In this project I made a XGBoost machine learning model to predict the annual medical charges of a person.
In this project, I have used the XGBoost model to predict the annual medical charges for an individual using some of the parameters like his/her age, sex, BMI, etc. Below is the walkthrough for the project:-
1) First read the data from the given CSV file into a Pandas data frame.
2) Now perform analysis and visualization by plotting some graphs or plots and establish the relationship between the different variables to gain some insight into the data. For this Python libraries such as matplotlib, seaborn, and plotly are used.
3) Now identify the input and target variables and separate out the two. Further, separate the input data into numerical and categorical features.
4) Next we need to scale the numerical features to a value between 0 and 1 and encode the categorical features to numbers so that the model can be trained efficiently. Scaling is done by the MinMaxScaler function and encoding is done using the OneHotEncoder function of the scikit-learn library.
5) Next we create separate training and testing sets from our processed data using the train_test_split function from the scikit-learn library.
6) Now it's time to train the model.

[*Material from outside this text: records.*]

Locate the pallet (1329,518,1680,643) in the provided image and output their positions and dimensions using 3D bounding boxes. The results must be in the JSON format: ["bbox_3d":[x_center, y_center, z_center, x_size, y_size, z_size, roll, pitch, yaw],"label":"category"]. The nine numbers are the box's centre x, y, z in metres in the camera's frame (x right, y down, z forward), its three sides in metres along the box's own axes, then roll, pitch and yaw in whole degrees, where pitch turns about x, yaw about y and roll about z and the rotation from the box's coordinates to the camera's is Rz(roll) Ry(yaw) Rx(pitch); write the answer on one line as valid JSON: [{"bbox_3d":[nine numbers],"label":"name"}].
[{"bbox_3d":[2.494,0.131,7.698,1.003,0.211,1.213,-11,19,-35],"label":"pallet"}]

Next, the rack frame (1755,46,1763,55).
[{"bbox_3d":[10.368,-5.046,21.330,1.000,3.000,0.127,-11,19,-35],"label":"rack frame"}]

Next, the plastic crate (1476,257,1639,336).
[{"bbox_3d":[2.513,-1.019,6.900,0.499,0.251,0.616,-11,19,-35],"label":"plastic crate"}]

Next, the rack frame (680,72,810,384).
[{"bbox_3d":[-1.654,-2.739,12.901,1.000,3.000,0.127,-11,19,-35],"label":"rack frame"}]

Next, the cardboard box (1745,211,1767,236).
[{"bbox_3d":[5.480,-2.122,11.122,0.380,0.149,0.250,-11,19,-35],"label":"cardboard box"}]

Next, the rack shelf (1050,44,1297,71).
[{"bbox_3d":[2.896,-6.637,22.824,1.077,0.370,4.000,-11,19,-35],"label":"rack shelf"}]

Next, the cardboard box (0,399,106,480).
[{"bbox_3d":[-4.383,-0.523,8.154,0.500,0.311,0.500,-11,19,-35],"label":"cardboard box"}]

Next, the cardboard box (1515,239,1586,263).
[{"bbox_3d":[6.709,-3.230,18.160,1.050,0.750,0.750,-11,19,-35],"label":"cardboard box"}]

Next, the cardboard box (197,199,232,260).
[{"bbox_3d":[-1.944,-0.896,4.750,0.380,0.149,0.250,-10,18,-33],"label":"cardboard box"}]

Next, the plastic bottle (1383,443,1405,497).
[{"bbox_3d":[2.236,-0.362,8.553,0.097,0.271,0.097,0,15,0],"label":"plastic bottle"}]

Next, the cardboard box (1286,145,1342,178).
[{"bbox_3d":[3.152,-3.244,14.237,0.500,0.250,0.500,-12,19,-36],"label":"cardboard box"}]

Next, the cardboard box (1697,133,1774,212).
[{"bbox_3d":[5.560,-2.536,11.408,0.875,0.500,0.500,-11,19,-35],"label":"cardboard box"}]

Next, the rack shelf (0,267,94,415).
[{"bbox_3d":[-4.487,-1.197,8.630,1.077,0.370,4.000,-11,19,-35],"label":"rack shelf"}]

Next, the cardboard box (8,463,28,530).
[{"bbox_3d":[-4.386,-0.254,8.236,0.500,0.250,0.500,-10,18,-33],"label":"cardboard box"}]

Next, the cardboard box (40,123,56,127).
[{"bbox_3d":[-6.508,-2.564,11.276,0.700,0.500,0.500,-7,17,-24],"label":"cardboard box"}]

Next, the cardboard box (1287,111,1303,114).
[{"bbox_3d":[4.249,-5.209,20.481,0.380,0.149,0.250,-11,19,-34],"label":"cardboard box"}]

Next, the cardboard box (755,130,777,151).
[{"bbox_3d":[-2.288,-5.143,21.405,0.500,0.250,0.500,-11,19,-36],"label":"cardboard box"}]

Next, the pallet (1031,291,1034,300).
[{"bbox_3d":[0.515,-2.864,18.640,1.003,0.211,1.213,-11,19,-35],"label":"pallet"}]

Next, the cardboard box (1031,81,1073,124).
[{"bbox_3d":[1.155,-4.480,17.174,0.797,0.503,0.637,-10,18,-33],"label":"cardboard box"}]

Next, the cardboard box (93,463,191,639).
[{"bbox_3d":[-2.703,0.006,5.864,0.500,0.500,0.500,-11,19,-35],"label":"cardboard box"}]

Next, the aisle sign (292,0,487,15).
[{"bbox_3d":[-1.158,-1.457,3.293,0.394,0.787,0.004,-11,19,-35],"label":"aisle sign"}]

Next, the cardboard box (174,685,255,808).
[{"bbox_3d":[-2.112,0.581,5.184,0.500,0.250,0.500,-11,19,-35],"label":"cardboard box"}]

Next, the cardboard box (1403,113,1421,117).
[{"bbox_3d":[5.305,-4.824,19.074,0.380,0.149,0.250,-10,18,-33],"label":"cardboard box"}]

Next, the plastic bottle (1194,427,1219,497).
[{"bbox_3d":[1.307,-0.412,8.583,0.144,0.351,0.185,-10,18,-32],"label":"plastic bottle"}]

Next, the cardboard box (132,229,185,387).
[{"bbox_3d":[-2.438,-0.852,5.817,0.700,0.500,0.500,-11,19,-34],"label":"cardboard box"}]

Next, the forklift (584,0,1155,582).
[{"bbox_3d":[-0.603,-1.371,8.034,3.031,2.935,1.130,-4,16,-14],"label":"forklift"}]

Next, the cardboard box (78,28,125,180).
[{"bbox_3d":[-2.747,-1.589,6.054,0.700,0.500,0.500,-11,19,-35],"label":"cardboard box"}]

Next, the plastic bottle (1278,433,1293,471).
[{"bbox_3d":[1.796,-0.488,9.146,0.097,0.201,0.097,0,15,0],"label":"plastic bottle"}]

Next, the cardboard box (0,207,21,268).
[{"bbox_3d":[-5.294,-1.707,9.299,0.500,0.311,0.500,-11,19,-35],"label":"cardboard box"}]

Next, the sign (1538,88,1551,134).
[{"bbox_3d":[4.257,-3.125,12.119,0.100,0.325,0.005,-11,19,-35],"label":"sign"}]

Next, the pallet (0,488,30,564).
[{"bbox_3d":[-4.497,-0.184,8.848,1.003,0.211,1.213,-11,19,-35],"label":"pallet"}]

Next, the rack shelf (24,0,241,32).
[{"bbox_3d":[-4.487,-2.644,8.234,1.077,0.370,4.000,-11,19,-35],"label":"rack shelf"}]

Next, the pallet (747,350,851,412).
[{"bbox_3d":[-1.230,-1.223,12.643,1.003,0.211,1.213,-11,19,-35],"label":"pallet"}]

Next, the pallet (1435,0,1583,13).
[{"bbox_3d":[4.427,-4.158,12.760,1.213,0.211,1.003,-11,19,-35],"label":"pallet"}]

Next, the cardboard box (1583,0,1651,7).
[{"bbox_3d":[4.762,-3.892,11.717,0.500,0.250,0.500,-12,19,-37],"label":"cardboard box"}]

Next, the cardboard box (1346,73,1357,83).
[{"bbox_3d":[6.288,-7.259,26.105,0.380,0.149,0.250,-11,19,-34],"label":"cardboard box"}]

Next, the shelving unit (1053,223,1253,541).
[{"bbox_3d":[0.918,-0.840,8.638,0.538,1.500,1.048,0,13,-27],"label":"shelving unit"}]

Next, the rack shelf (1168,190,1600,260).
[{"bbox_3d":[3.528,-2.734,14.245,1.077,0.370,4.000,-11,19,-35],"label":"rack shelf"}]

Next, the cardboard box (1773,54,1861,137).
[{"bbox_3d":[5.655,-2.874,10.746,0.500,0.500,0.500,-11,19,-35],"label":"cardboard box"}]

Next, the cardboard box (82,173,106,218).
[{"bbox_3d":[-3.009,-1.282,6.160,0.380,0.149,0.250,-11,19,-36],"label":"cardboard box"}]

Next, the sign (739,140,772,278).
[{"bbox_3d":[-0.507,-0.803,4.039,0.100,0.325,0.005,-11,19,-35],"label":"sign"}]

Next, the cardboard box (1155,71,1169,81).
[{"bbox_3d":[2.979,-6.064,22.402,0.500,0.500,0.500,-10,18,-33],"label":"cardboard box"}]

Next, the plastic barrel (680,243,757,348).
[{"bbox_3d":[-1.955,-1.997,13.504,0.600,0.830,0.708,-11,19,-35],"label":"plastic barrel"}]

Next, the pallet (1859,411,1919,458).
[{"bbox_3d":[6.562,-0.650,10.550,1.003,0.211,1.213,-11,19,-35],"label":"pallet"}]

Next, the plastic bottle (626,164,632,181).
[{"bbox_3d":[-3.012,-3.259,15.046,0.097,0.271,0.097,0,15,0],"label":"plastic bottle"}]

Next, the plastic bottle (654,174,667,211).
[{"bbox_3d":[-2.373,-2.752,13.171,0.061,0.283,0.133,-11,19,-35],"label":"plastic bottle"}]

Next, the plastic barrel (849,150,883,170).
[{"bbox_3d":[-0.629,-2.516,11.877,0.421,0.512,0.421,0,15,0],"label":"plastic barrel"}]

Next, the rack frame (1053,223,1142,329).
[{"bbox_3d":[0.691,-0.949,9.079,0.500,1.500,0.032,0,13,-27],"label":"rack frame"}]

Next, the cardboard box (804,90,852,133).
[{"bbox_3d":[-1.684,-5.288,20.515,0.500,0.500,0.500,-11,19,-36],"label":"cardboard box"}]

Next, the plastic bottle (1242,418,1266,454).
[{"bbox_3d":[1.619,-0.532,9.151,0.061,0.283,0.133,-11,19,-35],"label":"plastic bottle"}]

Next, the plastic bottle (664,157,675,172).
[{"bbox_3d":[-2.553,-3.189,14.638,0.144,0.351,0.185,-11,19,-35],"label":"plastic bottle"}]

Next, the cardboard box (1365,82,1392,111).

For this, we install the xgboost module and import the XGBRegressor class from it. Then we fit the model to the training data and predict the results on the test data.
7) Finally we measure the performance of our model using the RMSE(Root Mean Squared Error) between the targets and the predictions from our model. You can always tweak some of the hyperparameters to get slightly better results but the performance of our base XGBoost model would already be much better than other ML algorithms.
This model can be also be used for big datasets and can be easily implemented with the steps given above. So go ahead and train your own ML model using XGBoost.